Changes in parameters related to overexpression treatment of CsProDH1 in tea plants under drought conditions. (A) Phenotype and in vivo fluorescence imaging at 24 h processing. Scale bar = 10 cm; (B) leaf NBT staining at 24 h processing; (C) leaf O₂⁻ content at 24 h processing; (D) leaf MDA content at 24 h processing; (E) parameters related to in vivo fluorescence imaging at 24 h processing. Fv/Fm, maximum photosynthetic efficiency; Y(II), actual photosynthetic efficiency of PSII; Y(NPQ), quantum yield of regulated energy dissipation in PSII; and Y(NO), quantum yield of non-regulated energy dissipation in PSII. CK, green circle; OE, orange square. (F) OJIP curves; (G) fluorescence rise kinetics normalized by F₀ and F to W_OJ = (F_t − F₀)/(F − F₀); and (H) radar plot of fluorescence parameters. Tfm, the time required from dark adaptation to illumination to maximum fluorescence; Area, the OJIP curve, fluorescence intensity F = F_m, and the area between the Y-axis; F_v/F₀, the ability of the PSII reaction center to capture and convert light energy; ABS/RC, light energy absorbed per reaction center; (1 − Vj)/Vj, the efficiency/probability with which an electron from the intersystem electron carriers is transferred to reduce end electron acceptors at the PSI acceptor side; PI, performance index. CK, control group; OE, overexpression group. The data are the mean ± SD (n = 3). Significance was verified by t-tests; ‘*’ represents significance at p ≤ 0.05.

Figure 5

Changes in parameters related to transient silencing treatment of CsProDH1 in tea plants under drought conditions. (A) Phenotype and in vivo fluorescence imaging. Scale bar = 10 cm; CK, green circle; asODN, orange square (B) leaf NBT staining at 24 h processing; (C) leaf O₂⁻ content at 24 h processing; (D) radar plot of fluorescence parameters at 24 h processing; (E) parameters related to in vivo fluorescence imaging at 24 h processing; (F) OJIP curves at 24 h processing; and (G) fluorescence rise kinetics normalized by F₀ and F to W_OJ. CK, control group; asODN, silencing group. The data are the mean ± SD (n = 3).
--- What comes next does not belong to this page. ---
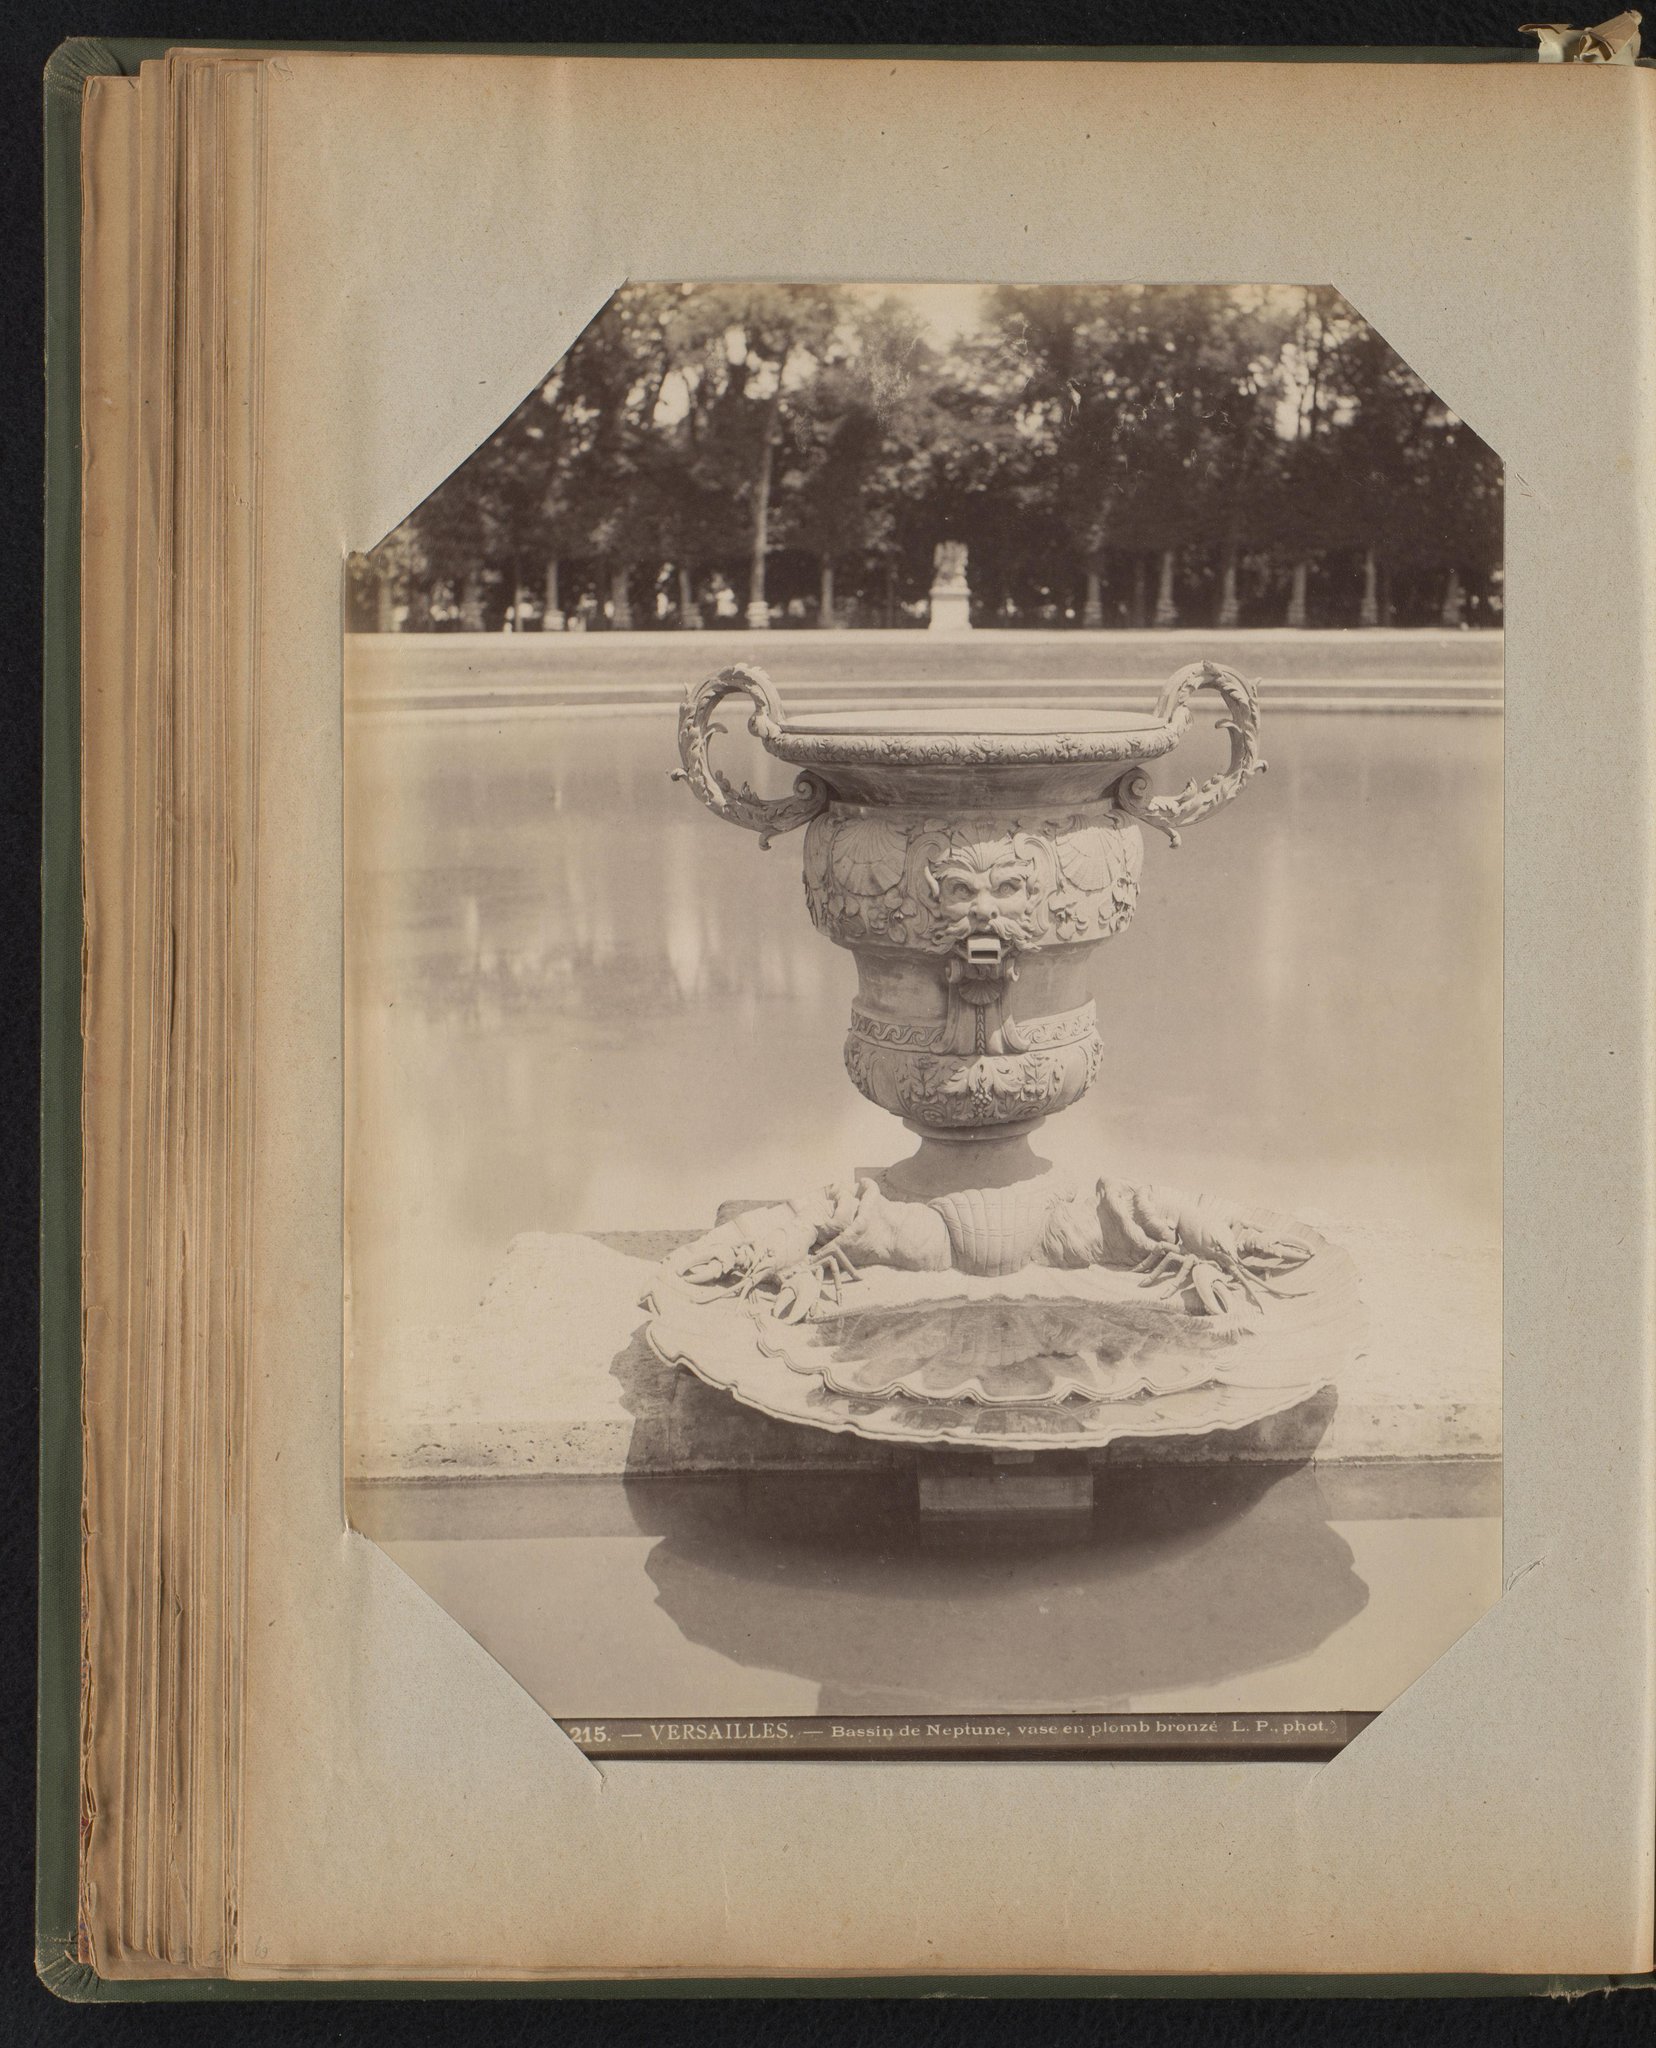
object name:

Significance was verified by t-tests; ‘*’ represents significance at p ≤ 0.05.

Figure 6

Exogenous application of amino acids for recovery treatment after 24 h of CsProDH1 overexpression under drought conditions. (A) Phenotype and in vivo fluorescence imaging. Scale bar = 1 cm; (B) leaf NBT staining 24 h after spraying with externally supported amino acids; and (C) leaf MDA content 24 h after spraying with externally supported amino acids. CK, samples of exogenous water; Pro, samples of 10 mM exogenous proline; GABA, samples of 1 mM exogenous γ-aminobutyric acid. The data are the mean ± SD (n = 3). Significance was verified by t-tests; ‘*’ represents significance at p ≤ 0.05.

Figure 7

A model of ProDH-mediated regulation of Pro-P5C cycle homeostasis under drought stress. ProDH, proline dehydrogenase; P5CDH, Δ¹-pyrroline-5-carboxylate dehydrogenase; P5CR: Δ¹-pyrroline-5-carboxylate reductase; P5CS: Δ¹-pyrroline-5-carboxylate synthase; Pro, proline; Glu, glutamate; P5C: Δ¹-pyrroline-5-carboxylate; ROS, reactive oxygen species.